> **YOUR INSTRUCTIONS**:
Repeat each entry below exactly as it stands.

/---

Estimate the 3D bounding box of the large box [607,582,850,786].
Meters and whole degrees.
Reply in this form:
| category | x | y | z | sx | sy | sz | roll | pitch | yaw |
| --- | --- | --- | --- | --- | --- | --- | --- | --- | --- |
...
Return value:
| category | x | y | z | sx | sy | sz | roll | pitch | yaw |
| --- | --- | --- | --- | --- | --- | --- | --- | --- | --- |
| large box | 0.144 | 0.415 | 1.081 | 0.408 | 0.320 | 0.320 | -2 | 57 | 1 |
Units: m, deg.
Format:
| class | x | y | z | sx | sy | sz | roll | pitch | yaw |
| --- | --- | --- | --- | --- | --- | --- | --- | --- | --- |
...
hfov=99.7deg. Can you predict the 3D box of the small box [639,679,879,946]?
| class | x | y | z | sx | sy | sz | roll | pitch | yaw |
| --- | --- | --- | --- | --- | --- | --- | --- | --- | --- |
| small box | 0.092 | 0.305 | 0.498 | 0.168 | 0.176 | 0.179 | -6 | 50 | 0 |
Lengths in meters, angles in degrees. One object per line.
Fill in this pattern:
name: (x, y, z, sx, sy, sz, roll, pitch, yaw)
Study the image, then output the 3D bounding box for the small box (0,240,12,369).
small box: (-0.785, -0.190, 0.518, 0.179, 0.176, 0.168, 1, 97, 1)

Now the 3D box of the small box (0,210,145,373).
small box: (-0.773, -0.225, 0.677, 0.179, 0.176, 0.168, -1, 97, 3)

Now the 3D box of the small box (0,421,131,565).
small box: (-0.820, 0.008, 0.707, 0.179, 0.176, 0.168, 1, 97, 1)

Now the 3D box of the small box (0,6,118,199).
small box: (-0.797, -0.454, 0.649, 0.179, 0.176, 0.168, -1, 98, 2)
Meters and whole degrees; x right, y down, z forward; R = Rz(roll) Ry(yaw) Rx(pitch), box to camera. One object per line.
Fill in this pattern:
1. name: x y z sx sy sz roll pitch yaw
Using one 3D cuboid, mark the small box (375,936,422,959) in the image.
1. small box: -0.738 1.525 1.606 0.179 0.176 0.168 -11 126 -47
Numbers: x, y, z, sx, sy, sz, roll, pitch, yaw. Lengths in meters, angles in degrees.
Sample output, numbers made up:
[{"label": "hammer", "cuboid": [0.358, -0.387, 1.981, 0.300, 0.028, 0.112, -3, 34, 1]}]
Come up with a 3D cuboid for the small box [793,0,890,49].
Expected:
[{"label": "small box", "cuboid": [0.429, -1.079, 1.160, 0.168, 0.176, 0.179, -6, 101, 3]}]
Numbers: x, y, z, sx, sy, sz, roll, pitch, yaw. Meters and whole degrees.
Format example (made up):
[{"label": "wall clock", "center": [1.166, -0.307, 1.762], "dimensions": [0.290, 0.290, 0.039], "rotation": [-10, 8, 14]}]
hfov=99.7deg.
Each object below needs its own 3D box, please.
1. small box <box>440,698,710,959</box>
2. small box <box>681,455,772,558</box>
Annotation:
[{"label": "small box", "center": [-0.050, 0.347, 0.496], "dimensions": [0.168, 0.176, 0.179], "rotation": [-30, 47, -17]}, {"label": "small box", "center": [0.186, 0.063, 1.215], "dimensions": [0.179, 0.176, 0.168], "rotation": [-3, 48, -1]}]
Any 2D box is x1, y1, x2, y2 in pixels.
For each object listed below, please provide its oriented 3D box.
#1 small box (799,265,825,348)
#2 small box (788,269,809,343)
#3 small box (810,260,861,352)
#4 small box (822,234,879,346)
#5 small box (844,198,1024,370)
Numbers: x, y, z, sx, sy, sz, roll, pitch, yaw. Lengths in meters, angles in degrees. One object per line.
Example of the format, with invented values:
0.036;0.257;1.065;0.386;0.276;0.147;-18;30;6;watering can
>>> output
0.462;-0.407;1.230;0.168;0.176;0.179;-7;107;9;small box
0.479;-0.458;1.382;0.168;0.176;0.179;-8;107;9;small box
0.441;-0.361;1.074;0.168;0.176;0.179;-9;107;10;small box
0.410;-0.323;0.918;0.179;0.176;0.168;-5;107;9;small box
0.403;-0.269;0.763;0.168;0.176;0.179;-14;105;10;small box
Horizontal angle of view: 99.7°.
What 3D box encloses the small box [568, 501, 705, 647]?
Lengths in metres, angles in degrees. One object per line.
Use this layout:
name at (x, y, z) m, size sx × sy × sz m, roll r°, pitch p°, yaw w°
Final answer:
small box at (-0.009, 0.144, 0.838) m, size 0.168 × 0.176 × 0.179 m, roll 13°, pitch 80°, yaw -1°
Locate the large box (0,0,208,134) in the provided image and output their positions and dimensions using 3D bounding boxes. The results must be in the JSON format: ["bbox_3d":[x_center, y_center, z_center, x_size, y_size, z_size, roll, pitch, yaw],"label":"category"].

\---

> **REPLY TO THE EXERCISE**:
Estimate the 3D bounding box of the large box [607,582,850,786].
Meters and whole degrees.
Reply in this form:
| category | x | y | z | sx | sy | sz | roll | pitch | yaw |
| --- | --- | --- | --- | --- | --- | --- | --- | --- | --- |
...
Return value:
| category | x | y | z | sx | sy | sz | roll | pitch | yaw |
| --- | --- | --- | --- | --- | --- | --- | --- | --- | --- |
| large box | 0.144 | 0.415 | 1.081 | 0.408 | 0.320 | 0.320 | -2 | 57 | 1 |
Units: m, deg.
Format:
| class | x | y | z | sx | sy | sz | roll | pitch | yaw |
| --- | --- | --- | --- | --- | --- | --- | --- | --- | --- |
...
hfov=99.7deg. Can you predict the 3D box of the small box [639,679,879,946]?
| class | x | y | z | sx | sy | sz | roll | pitch | yaw |
| --- | --- | --- | --- | --- | --- | --- | --- | --- | --- |
| small box | 0.092 | 0.305 | 0.498 | 0.168 | 0.176 | 0.179 | -6 | 50 | 0 |
Lengths in meters, angles in degrees. One object per line.
Fill in this pattern:
name: (x, y, z, sx, sy, sz, roll, pitch, yaw)
Study the image, then output the 3D bounding box for the small box (0,240,12,369).
small box: (-0.785, -0.190, 0.518, 0.179, 0.176, 0.168, 1, 97, 1)

Now the 3D box of the small box (0,210,145,373).
small box: (-0.773, -0.225, 0.677, 0.179, 0.176, 0.168, -1, 97, 3)

Now the 3D box of the small box (0,421,131,565).
small box: (-0.820, 0.008, 0.707, 0.179, 0.176, 0.168, 1, 97, 1)

Now the 3D box of the small box (0,6,118,199).
small box: (-0.797, -0.454, 0.649, 0.179, 0.176, 0.168, -1, 98, 2)
Meters and whole degrees; x right, y down, z forward; R = Rz(roll) Ry(yaw) Rx(pitch), box to camera. One object per line.
Fill in this pattern:
1. name: x y z sx sy sz roll pitch yaw
Using one 3D cuboid, mark the small box (375,936,422,959) in the image.
1. small box: -0.738 1.525 1.606 0.179 0.176 0.168 -11 126 -47
Numbers: x, y, z, sx, sy, sz, roll, pitch, yaw. Lengths in meters, angles in degrees.
Sample output, numbers made up:
[{"label": "hammer", "cuboid": [0.358, -0.387, 1.981, 0.300, 0.028, 0.112, -3, 34, 1]}]
Come up with a 3D cuboid for the small box [793,0,890,49].
Expected:
[{"label": "small box", "cuboid": [0.429, -1.079, 1.160, 0.168, 0.176, 0.179, -6, 101, 3]}]
Numbers: x, y, z, sx, sy, sz, roll, pitch, yaw. Meters and whole degrees.
Format example (made up):
[{"label": "wall clock", "center": [1.166, -0.307, 1.762], "dimensions": [0.290, 0.290, 0.039], "rotation": [-10, 8, 14]}]
hfov=99.7deg.
Each object below needs its own 3D box, please.
1. small box <box>440,698,710,959</box>
2. small box <box>681,455,772,558</box>
Annotation:
[{"label": "small box", "center": [-0.050, 0.347, 0.496], "dimensions": [0.168, 0.176, 0.179], "rotation": [-30, 47, -17]}, {"label": "small box", "center": [0.186, 0.063, 1.215], "dimensions": [0.179, 0.176, 0.168], "rotation": [-3, 48, -1]}]
Any 2D box is x1, y1, x2, y2 in pixels.
For each object listed below, please provide its oriented 3D box.
#1 small box (799,265,825,348)
#2 small box (788,269,809,343)
#3 small box (810,260,861,352)
#4 small box (822,234,879,346)
#5 small box (844,198,1024,370)
Numbers: x, y, z, sx, sy, sz, roll, pitch, yaw. Lengths in meters, angles in degrees. One object per line.
Example of the format, with invented values:
0.036;0.257;1.065;0.386;0.276;0.147;-18;30;6;watering can
>>> output
0.462;-0.407;1.230;0.168;0.176;0.179;-7;107;9;small box
0.479;-0.458;1.382;0.168;0.176;0.179;-8;107;9;small box
0.441;-0.361;1.074;0.168;0.176;0.179;-9;107;10;small box
0.410;-0.323;0.918;0.179;0.176;0.168;-5;107;9;small box
0.403;-0.269;0.763;0.168;0.176;0.179;-14;105;10;small box
Horizontal angle of view: 99.7°.
What 3D box encloses the small box [568, 501, 705, 647]?
Lengths in metres, angles in degrees. One object per line.
Use this layout:
name at (x, y, z) m, size sx × sy × sz m, roll r°, pitch p°, yaw w°
Final answer:
small box at (-0.009, 0.144, 0.838) m, size 0.168 × 0.176 × 0.179 m, roll 13°, pitch 80°, yaw -1°
Locate the large box (0,0,208,134) in the provided image and output their positions and dimensions using 3D bounding boxes. The results must be in the JSON format: ["bbox_3d":[x_center, y_center, z_center, x_size, y_size, z_size, roll, pitch, yaw],"label":"category"].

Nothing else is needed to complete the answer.